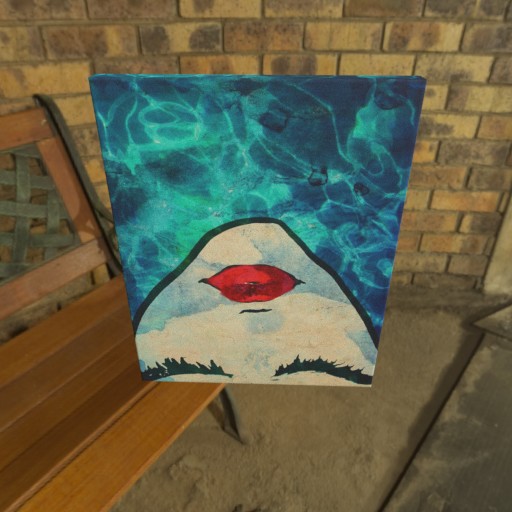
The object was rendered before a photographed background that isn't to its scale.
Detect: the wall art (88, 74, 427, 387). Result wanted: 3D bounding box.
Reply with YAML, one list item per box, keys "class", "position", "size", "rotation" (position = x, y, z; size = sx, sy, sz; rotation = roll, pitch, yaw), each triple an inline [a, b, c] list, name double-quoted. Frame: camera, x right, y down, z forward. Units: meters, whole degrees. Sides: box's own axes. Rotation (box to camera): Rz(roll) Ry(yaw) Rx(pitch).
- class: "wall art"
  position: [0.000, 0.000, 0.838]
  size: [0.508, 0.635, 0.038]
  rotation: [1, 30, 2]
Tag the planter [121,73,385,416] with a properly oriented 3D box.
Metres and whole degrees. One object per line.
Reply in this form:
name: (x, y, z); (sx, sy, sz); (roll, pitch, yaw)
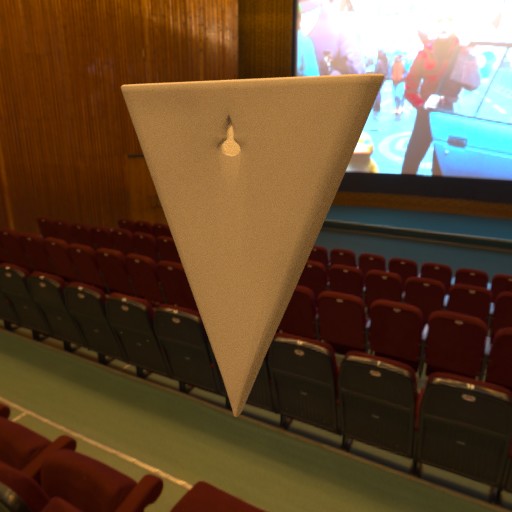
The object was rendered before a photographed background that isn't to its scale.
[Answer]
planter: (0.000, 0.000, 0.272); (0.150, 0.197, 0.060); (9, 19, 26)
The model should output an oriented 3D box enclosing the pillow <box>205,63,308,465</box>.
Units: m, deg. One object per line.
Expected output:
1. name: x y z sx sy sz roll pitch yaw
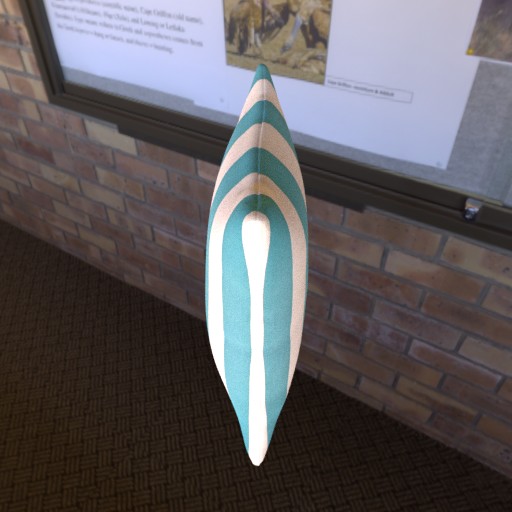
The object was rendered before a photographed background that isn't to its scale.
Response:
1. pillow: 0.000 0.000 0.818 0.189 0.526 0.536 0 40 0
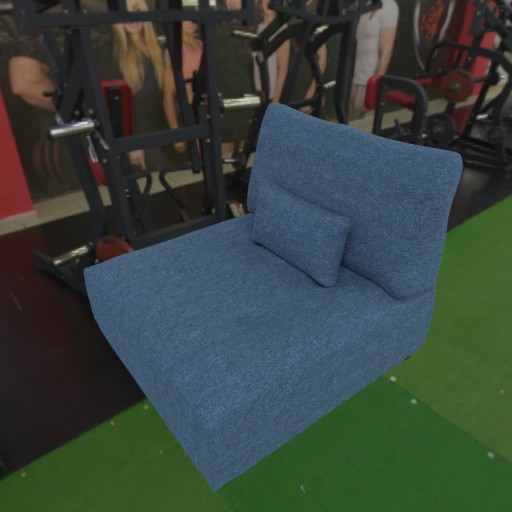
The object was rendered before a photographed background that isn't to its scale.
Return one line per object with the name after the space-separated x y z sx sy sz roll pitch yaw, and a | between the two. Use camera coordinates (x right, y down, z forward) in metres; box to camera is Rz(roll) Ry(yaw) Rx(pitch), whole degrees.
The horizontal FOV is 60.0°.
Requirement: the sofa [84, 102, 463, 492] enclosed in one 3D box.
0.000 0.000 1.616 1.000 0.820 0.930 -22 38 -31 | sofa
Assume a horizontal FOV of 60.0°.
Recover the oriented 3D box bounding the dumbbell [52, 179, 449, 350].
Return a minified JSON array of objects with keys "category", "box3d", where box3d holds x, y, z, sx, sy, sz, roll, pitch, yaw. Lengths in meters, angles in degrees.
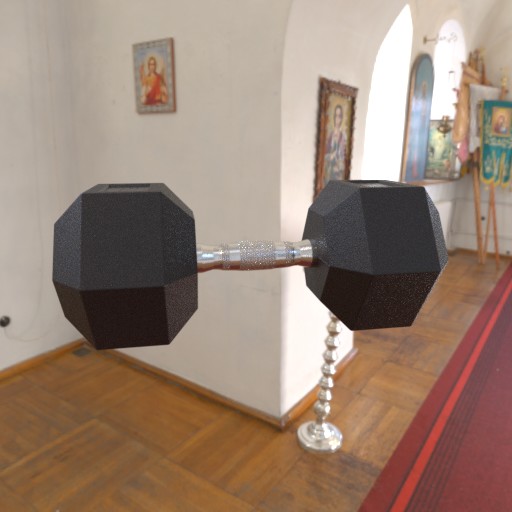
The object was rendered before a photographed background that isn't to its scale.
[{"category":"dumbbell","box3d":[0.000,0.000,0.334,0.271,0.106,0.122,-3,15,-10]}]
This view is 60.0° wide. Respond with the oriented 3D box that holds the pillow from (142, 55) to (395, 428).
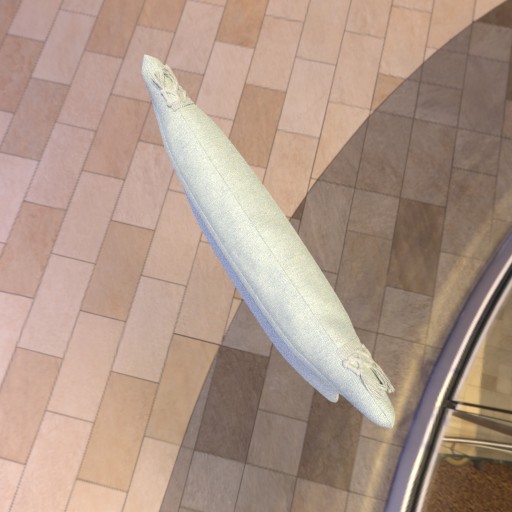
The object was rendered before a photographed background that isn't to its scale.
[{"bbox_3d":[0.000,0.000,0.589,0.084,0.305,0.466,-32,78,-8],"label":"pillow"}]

§ §

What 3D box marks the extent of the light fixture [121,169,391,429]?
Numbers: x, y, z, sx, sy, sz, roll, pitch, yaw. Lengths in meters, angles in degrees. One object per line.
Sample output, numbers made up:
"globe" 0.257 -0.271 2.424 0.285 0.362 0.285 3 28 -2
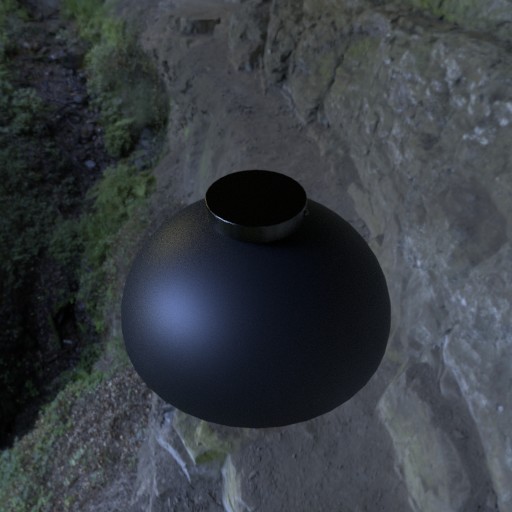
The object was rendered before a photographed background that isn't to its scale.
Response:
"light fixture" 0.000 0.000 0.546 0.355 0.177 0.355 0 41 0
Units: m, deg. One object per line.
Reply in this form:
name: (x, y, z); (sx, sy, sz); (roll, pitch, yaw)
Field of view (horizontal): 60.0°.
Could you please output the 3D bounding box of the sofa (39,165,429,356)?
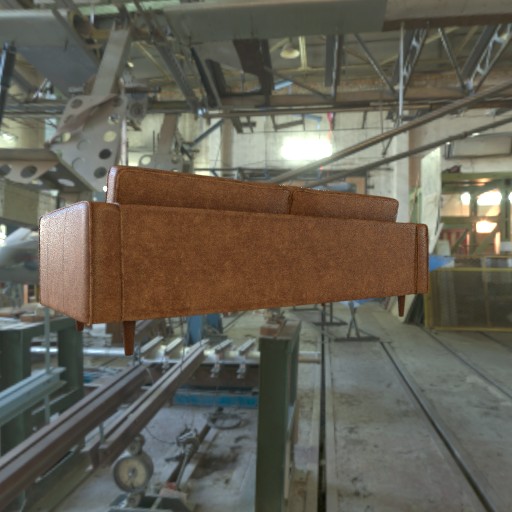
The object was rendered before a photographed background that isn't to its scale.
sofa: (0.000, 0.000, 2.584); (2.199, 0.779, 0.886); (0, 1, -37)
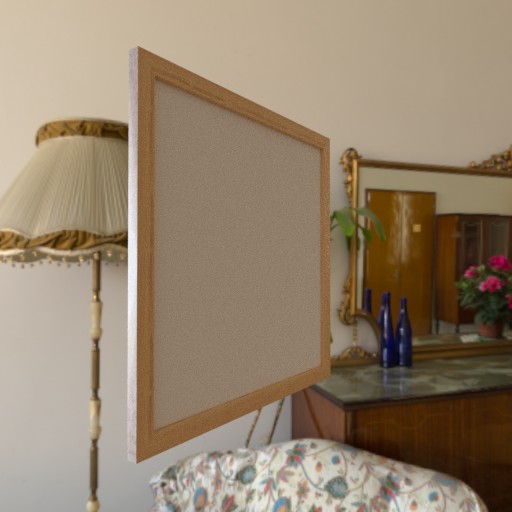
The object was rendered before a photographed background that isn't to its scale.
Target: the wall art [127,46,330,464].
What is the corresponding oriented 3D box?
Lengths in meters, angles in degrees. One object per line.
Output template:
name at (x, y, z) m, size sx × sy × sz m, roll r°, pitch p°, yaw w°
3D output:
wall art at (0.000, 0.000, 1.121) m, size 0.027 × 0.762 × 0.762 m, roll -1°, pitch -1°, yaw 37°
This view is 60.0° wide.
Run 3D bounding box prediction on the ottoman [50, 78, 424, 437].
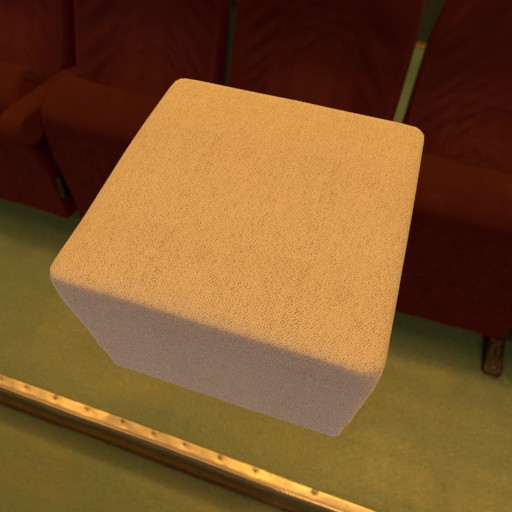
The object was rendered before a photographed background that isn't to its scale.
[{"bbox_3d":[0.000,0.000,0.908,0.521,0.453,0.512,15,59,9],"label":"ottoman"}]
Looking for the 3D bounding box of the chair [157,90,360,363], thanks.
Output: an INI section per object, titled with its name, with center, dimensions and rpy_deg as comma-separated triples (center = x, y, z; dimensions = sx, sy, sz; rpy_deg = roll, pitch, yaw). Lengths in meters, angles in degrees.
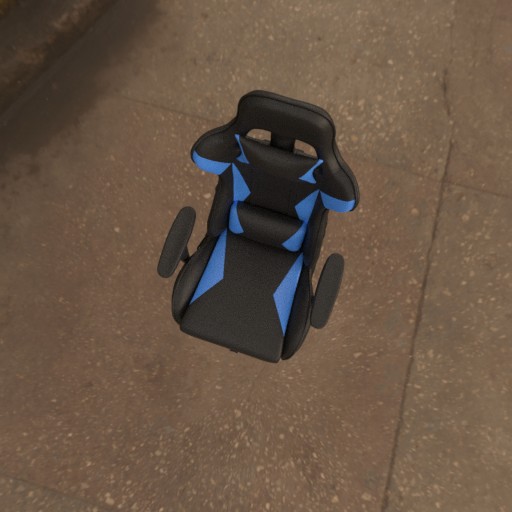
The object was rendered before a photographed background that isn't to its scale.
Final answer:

§ §

WORK INSTRUCTIONS:
Using the entries above, repeat exactly the lines from the one with "Could you please" to the one with "Looking for the", both included, and leave the pictures behind.

OUTPUT BELOW:
Could you please output the 3D bounding box of the sofa (39,165,429,356)?
The object was rendered before a photographed background that isn't to its scale.
sofa: (0.000, 0.000, 2.584); (2.199, 0.779, 0.886); (0, 1, -37)
The object was rendered before a photographed background that isn't to its scale.
Target: the wall art [127,46,330,464].
What is the corresponding oriented 3D box?
Lengths in meters, angles in degrees. One object per line.
Output template:
name at (x, y, z) m, size sx × sy × sz m, roll r°, pitch p°, yaw w°
3D output:
wall art at (0.000, 0.000, 1.121) m, size 0.027 × 0.762 × 0.762 m, roll -1°, pitch -1°, yaw 37°
This view is 60.0° wide.
Run 3D bounding box prediction on the ottoman [50, 78, 424, 437].
The object was rendered before a photographed background that isn't to its scale.
[{"bbox_3d":[0.000,0.000,0.908,0.521,0.453,0.512,15,59,9],"label":"ottoman"}]
Looking for the 3D bounding box of the chair [157,90,360,363], thanks.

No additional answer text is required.